▸ **WHAT TO DO**
Copy the lines below as they are; omit the images they contain.

Data records:

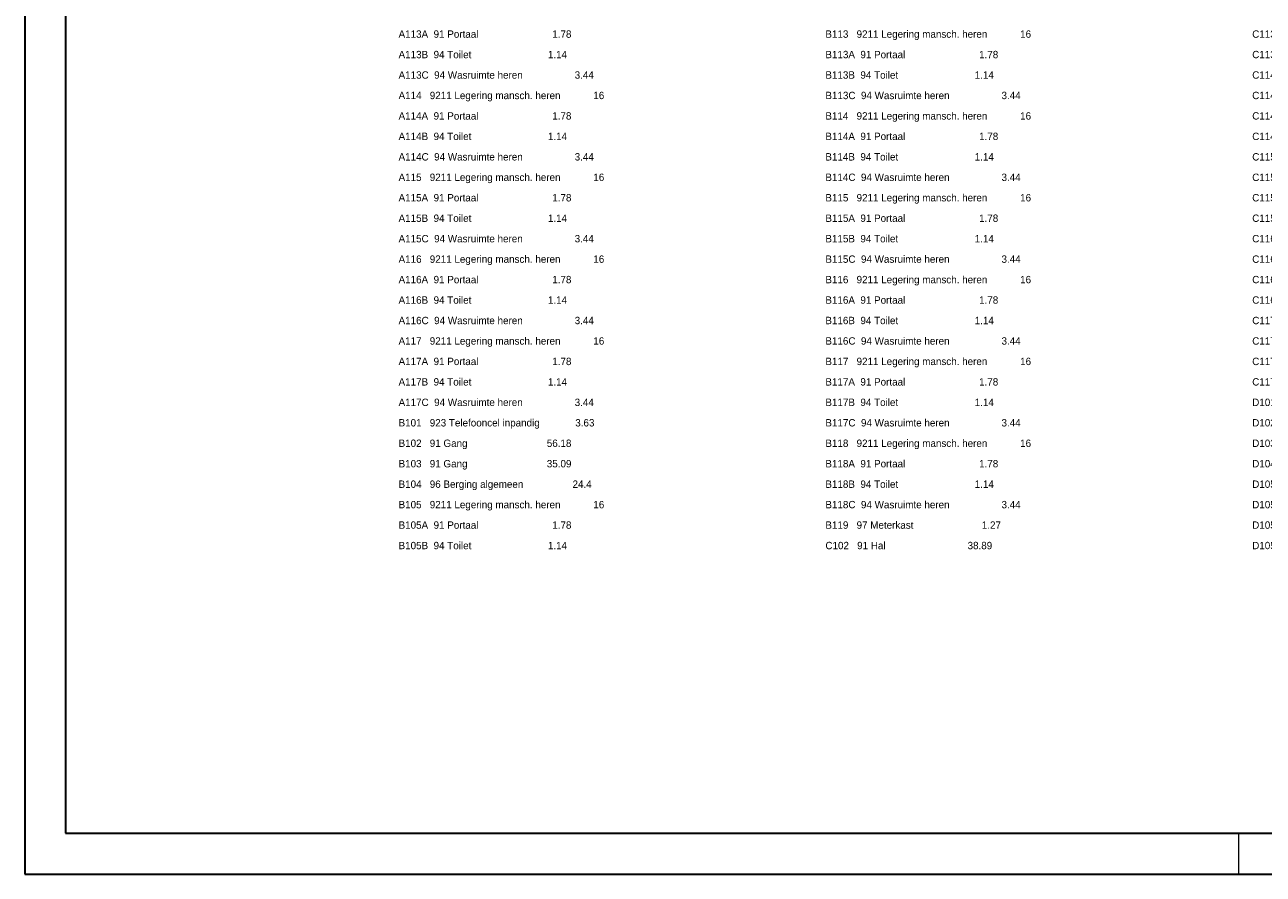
# Model space of a CAD drawing. Header units: millimetres. Extents: x -15 to 226, y -21 to 63.
# Tile 40 of 62: x 107 to 168, y -21 to 20. Entities that reach past the tile are written whole.
import ezdxf

# ---------------------------------------------------------------- set-up
doc = ezdxf.new("R2010")
doc.units = ezdxf.units.MM
doc.layers.add('KADER', color=7, linetype='Continuous')
doc.layers.add('LEGENDA', color=7, linetype='Continuous')
doc.styles.add('dgn000', font='dgn000.shx')

# ---------------------------------------------------------------- blocks, each defined once
blk = doc.blocks.new('DDELEG')
at = {"layer": 'LEGENDA', "color": 1, "linetype": 'Continuous', "lineweight": 0, "style": 'dgn000'}
for s, p in [('A113A  91 Portaal                           1.78', (0, -30)), ('B113   9211 Legering mansch. heren            16', (20.88, -30)), ('C113B  94 Toilet                            1.14', (41.76, -30)), ('A113B  94 Toilet                            1.14', (0, -31)), ('B113A  91 Portaal                           1.78', (20.88, -31)), ('C113C  94 Wasruimte heren                   3.44', (41.76, -31)), ('A113C  94 Wasruimte heren                   3.44', (0, -32)), ('B113B  94 Toilet                            1.14', (20.88, -32)), ('C114   9211 Legering mansch. heren            16', (41.76, -32)), ('A114   9211 Legering mansch. heren            16', (0, -33)), ('B113C  94 Wasruimte heren                   3.44', (20.88, -33)), ('C114A  91 Portaal                           1.78', (41.76, -33)), ('A114A  91 Portaal                           1.78', (0, -34)), ('B114   9211 Legering mansch. heren            16', (20.88, -34)), ('C114B  94 Toilet                            1.14', (41.76, -34)), ('A114B  94 Toilet                            1.14', (0, -35)), ('B114A  91 Portaal                           1.78', (20.88, -35)), ('C114C  94 Wasruimte heren                   3.44', (41.76, -35)), ('A114C  94 Wasruimte heren                   3.44', (0, -36)), ('B114B  94 Toilet                            1.14', (20.88, -36)), ('C115   9211 Legering mansch. heren            16', (41.76, -36)), ('A115   9211 Legering mansch. heren            16', (0, -37)), ('B114C  94 Wasruimte heren                   3.44', (20.88, -37)), ('C115A  91 Portaal                           1.78', (41.76, -37)), ('A115A  91 Portaal                           1.78', (0, -38)), ('B115   9211 Legering mansch. heren            16', (20.88, -38)), ('C115B  94 Toilet                            1.14', (41.76, -38)), ('A115B  94 Toilet                            1.14', (0, -39)), ('B115A  91 Portaal                           1.78', (20.88, -39)), ('C115C  94 Wasruimte heren                   3.44', (41.76, -39)), ('A115C  94 Wasruimte heren                   3.44', (0, -40)), ('B115B  94 Toilet                            1.14', (20.88, -40)), ('C116   9211 Legering mansch. heren            16', (41.76, -40)), ('A116   9211 Legering mansch. heren            16', (0, -41)), ('B115C  94 Wasruimte heren                   3.44', (20.88, -41)), ('C116A  91 Portaal                           1.78', (41.76, -41)), ('A116A  91 Portaal                           1.78', (0, -42)), ('B116   9211 Legering mansch. heren            16', (20.88, -42)), ('C116B  94 Toilet                            1.14', (41.76, -42)), ('A116B  94 Toilet                            1.14', (0, -43)), ('B116A  91 Portaal                           1.78', (20.88, -43)), ('C116C  94 Wasruimte heren                   3.44', (41.76, -43)), ('A116C  94 Wasruimte heren                   3.44', (0, -44)), ('B116B  94 Toilet                            1.14', (20.88, -44)), ('C117   9211 Legering mansch. heren            16', (41.76, -44)), ('A117   9211 Legering mansch. heren            16', (0, -45)), ('B116C  94 Wasruimte heren                   3.44', (20.88, -45)), ('C117A  91 Portaal                           1.78', (41.76, -45)), ('A117A  91 Portaal                           1.78', (0, -46)), ('B117   9211 Legering mansch. heren            16', (20.88, -46)), ('C117B  94 Toilet                            1.14', (41.76, -46)), ('A117B  94 Toilet                            1.14', (0, -47)), ('B117A  91 Portaal                           1.78', (20.88, -47)), ('C117C  94 Wasruimte heren                   3.44', (41.76, -47)), ('A117C  94 Wasruimte heren                   3.44', (0, -48)), ('B117B  94 Toilet                            1.14', (20.88, -48)), ('D101   923 Telefooncel inpandig             3.63', (41.76, -48)), ('B101   923 Telefooncel inpandig             3.63', (0, -49)), ('B117C  94 Wasruimte heren                   3.44', (20.88, -49)), ('D102   91 Gang                             56.12', (41.76, -49)), ('B102   91 Gang                             56.18', (0, -50)), ('B118   9211 Legering mansch. heren            16', (20.88, -50)), ('D103   91 Gang                             34.99', (41.76, -50)), ('B103   91 Gang                             35.09', (0, -51)), ('B118A  91 Portaal                           1.78', (20.88, -51)), ('D104   97 Ketelruimte                      21.99', (41.76, -51)), ('B104   96 Berging algemeen                  24.4', (0, -52)), ('B118B  94 Toilet                            1.14', (20.88, -52)), ('D105   9211 Legering mansch. heren            16', (41.76, -52)), ('B105   9211 Legering mansch. heren            16', (0, -53)), ('B118C  94 Wasruimte heren                   3.44', (20.88, -53)), ('D105A  91 Portaal                           1.78', (41.76, -53)), ('B105A  91 Portaal                           1.78', (0, -54)), ('B119   97 Meterkast                         1.27', (20.88, -54)), ('D105B  94 Toilet                            1.14', (41.76, -54)), ('B105B  94 Toilet                            1.14', (0, -55)), ('C102   91 Hal                              38.89', (20.88, -55)), ('D105C  94 Wasruimte heren                   3.44', (41.76, -55))]:
    blk.add_text(s, height=0.36, dxfattribs=at).set_placement(p)
blk = doc.blocks.new('A2L1')
at = {"layer": 'KADER', "color": 1, "linetype": 'Continuous', "lineweight": 30}
for p, q in [((-116.8, 82), (-116.8, -2)), ((-114.8, 80), (-114.8, 0)), ((-114.8, 0), (0, 0)), ((-116.8, -2), (2, -2))]:
    blk.add_line(p, q, dxfattribs=at)
at = {"layer": 'KADER', "color": 1, "linetype": 'Continuous', "lineweight": 0}
blk.add_line((-57.402, -2), (-57.402, 0), dxfattribs=at)

msp = doc.modelspace()

# ---------------------------------------------------------------- block references
at = {"color": 1, "linetype": 'Continuous', "lineweight": 0}
msp.add_blockref('A2L1', (223.936, -19.469), dxfattribs=at)
at = {"layer": 'LEGENDA', "color": 1, "linetype": 'Continuous', "lineweight": 0}
msp.add_blockref('DDELEG', (125.423, 49.417), dxfattribs=at)

doc.saveas('drawing.dxf')

▸ **RESULT FOR THIS TASK**
# Model space of a CAD drawing. Header units: millimetres. Extents: x -15 to 226, y -21 to 63.
# Tile 40 of 62: x 107 to 168, y -21 to 20. Entities that reach past the tile are written whole.
import ezdxf

# ---------------------------------------------------------------- set-up
doc = ezdxf.new("R2010")
doc.units = ezdxf.units.MM
doc.layers.add('KADER', color=7, linetype='Continuous')
doc.layers.add('LEGENDA', color=7, linetype='Continuous')
doc.styles.add('dgn000', font='dgn000.shx')

# ---------------------------------------------------------------- blocks, each defined once
blk = doc.blocks.new('DDELEG')
at = {"layer": 'LEGENDA', "color": 1, "linetype": 'Continuous', "lineweight": 0, "style": 'dgn000'}
for s, p in [('A113A  91 Portaal                           1.78', (0, -30)), ('B113   9211 Legering mansch. heren            16', (20.88, -30)), ('C113B  94 Toilet                            1.14', (41.76, -30)), ('A113B  94 Toilet                            1.14', (0, -31)), ('B113A  91 Portaal                           1.78', (20.88, -31)), ('C113C  94 Wasruimte heren                   3.44', (41.76, -31)), ('A113C  94 Wasruimte heren                   3.44', (0, -32)), ('B113B  94 Toilet                            1.14', (20.88, -32)), ('C114   9211 Legering mansch. heren            16', (41.76, -32)), ('A114   9211 Legering mansch. heren            16', (0, -33)), ('B113C  94 Wasruimte heren                   3.44', (20.88, -33)), ('C114A  91 Portaal                           1.78', (41.76, -33)), ('A114A  91 Portaal                           1.78', (0, -34)), ('B114   9211 Legering mansch. heren            16', (20.88, -34)), ('C114B  94 Toilet                            1.14', (41.76, -34)), ('A114B  94 Toilet                            1.14', (0, -35)), ('B114A  91 Portaal                           1.78', (20.88, -35)), ('C114C  94 Wasruimte heren                   3.44', (41.76, -35)), ('A114C  94 Wasruimte heren                   3.44', (0, -36)), ('B114B  94 Toilet                            1.14', (20.88, -36)), ('C115   9211 Legering mansch. heren            16', (41.76, -36)), ('A115   9211 Legering mansch. heren            16', (0, -37)), ('B114C  94 Wasruimte heren                   3.44', (20.88, -37)), ('C115A  91 Portaal                           1.78', (41.76, -37)), ('A115A  91 Portaal                           1.78', (0, -38)), ('B115   9211 Legering mansch. heren            16', (20.88, -38)), ('C115B  94 Toilet                            1.14', (41.76, -38)), ('A115B  94 Toilet                            1.14', (0, -39)), ('B115A  91 Portaal                           1.78', (20.88, -39)), ('C115C  94 Wasruimte heren                   3.44', (41.76, -39)), ('A115C  94 Wasruimte heren                   3.44', (0, -40)), ('B115B  94 Toilet                            1.14', (20.88, -40)), ('C116   9211 Legering mansch. heren            16', (41.76, -40)), ('A116   9211 Legering mansch. heren            16', (0, -41)), ('B115C  94 Wasruimte heren                   3.44', (20.88, -41)), ('C116A  91 Portaal                           1.78', (41.76, -41)), ('A116A  91 Portaal                           1.78', (0, -42)), ('B116   9211 Legering mansch. heren            16', (20.88, -42)), ('C116B  94 Toilet                            1.14', (41.76, -42)), ('A116B  94 Toilet                            1.14', (0, -43)), ('B116A  91 Portaal                           1.78', (20.88, -43)), ('C116C  94 Wasruimte heren                   3.44', (41.76, -43)), ('A116C  94 Wasruimte heren                   3.44', (0, -44)), ('B116B  94 Toilet                            1.14', (20.88, -44)), ('C117   9211 Legering mansch. heren            16', (41.76, -44)), ('A117   9211 Legering mansch. heren            16', (0, -45)), ('B116C  94 Wasruimte heren                   3.44', (20.88, -45)), ('C117A  91 Portaal                           1.78', (41.76, -45)), ('A117A  91 Portaal                           1.78', (0, -46)), ('B117   9211 Legering mansch. heren            16', (20.88, -46)), ('C117B  94 Toilet                            1.14', (41.76, -46)), ('A117B  94 Toilet                            1.14', (0, -47)), ('B117A  91 Portaal                           1.78', (20.88, -47)), ('C117C  94 Wasruimte heren                   3.44', (41.76, -47)), ('A117C  94 Wasruimte heren                   3.44', (0, -48)), ('B117B  94 Toilet                            1.14', (20.88, -48)), ('D101   923 Telefooncel inpandig             3.63', (41.76, -48)), ('B101   923 Telefooncel inpandig             3.63', (0, -49)), ('B117C  94 Wasruimte heren                   3.44', (20.88, -49)), ('D102   91 Gang                             56.12', (41.76, -49)), ('B102   91 Gang                             56.18', (0, -50)), ('B118   9211 Legering mansch. heren            16', (20.88, -50)), ('D103   91 Gang                             34.99', (41.76, -50)), ('B103   91 Gang                             35.09', (0, -51)), ('B118A  91 Portaal                           1.78', (20.88, -51)), ('D104   97 Ketelruimte                      21.99', (41.76, -51)), ('B104   96 Berging algemeen                  24.4', (0, -52)), ('B118B  94 Toilet                            1.14', (20.88, -52)), ('D105   9211 Legering mansch. heren            16', (41.76, -52)), ('B105   9211 Legering mansch. heren            16', (0, -53)), ('B118C  94 Wasruimte heren                   3.44', (20.88, -53)), ('D105A  91 Portaal                           1.78', (41.76, -53)), ('B105A  91 Portaal                           1.78', (0, -54)), ('B119   97 Meterkast                         1.27', (20.88, -54)), ('D105B  94 Toilet                            1.14', (41.76, -54)), ('B105B  94 Toilet                            1.14', (0, -55)), ('C102   91 Hal                              38.89', (20.88, -55)), ('D105C  94 Wasruimte heren                   3.44', (41.76, -55))]:
    blk.add_text(s, height=0.36, dxfattribs=at).set_placement(p)
blk = doc.blocks.new('A2L1')
at = {"layer": 'KADER', "color": 1, "linetype": 'Continuous', "lineweight": 30}
for p, q in [((-116.8, 82), (-116.8, -2)), ((-114.8, 80), (-114.8, 0)), ((-114.8, 0), (0, 0)), ((-116.8, -2), (2, -2))]:
    blk.add_line(p, q, dxfattribs=at)
at = {"layer": 'KADER', "color": 1, "linetype": 'Continuous', "lineweight": 0}
blk.add_line((-57.402, -2), (-57.402, 0), dxfattribs=at)

msp = doc.modelspace()

# ---------------------------------------------------------------- block references
at = {"color": 1, "linetype": 'Continuous', "lineweight": 0}
msp.add_blockref('A2L1', (223.936, -19.469), dxfattribs=at)
at = {"layer": 'LEGENDA', "color": 1, "linetype": 'Continuous', "lineweight": 0}
msp.add_blockref('DDELEG', (125.423, 49.417), dxfattribs=at)

doc.saveas('drawing.dxf')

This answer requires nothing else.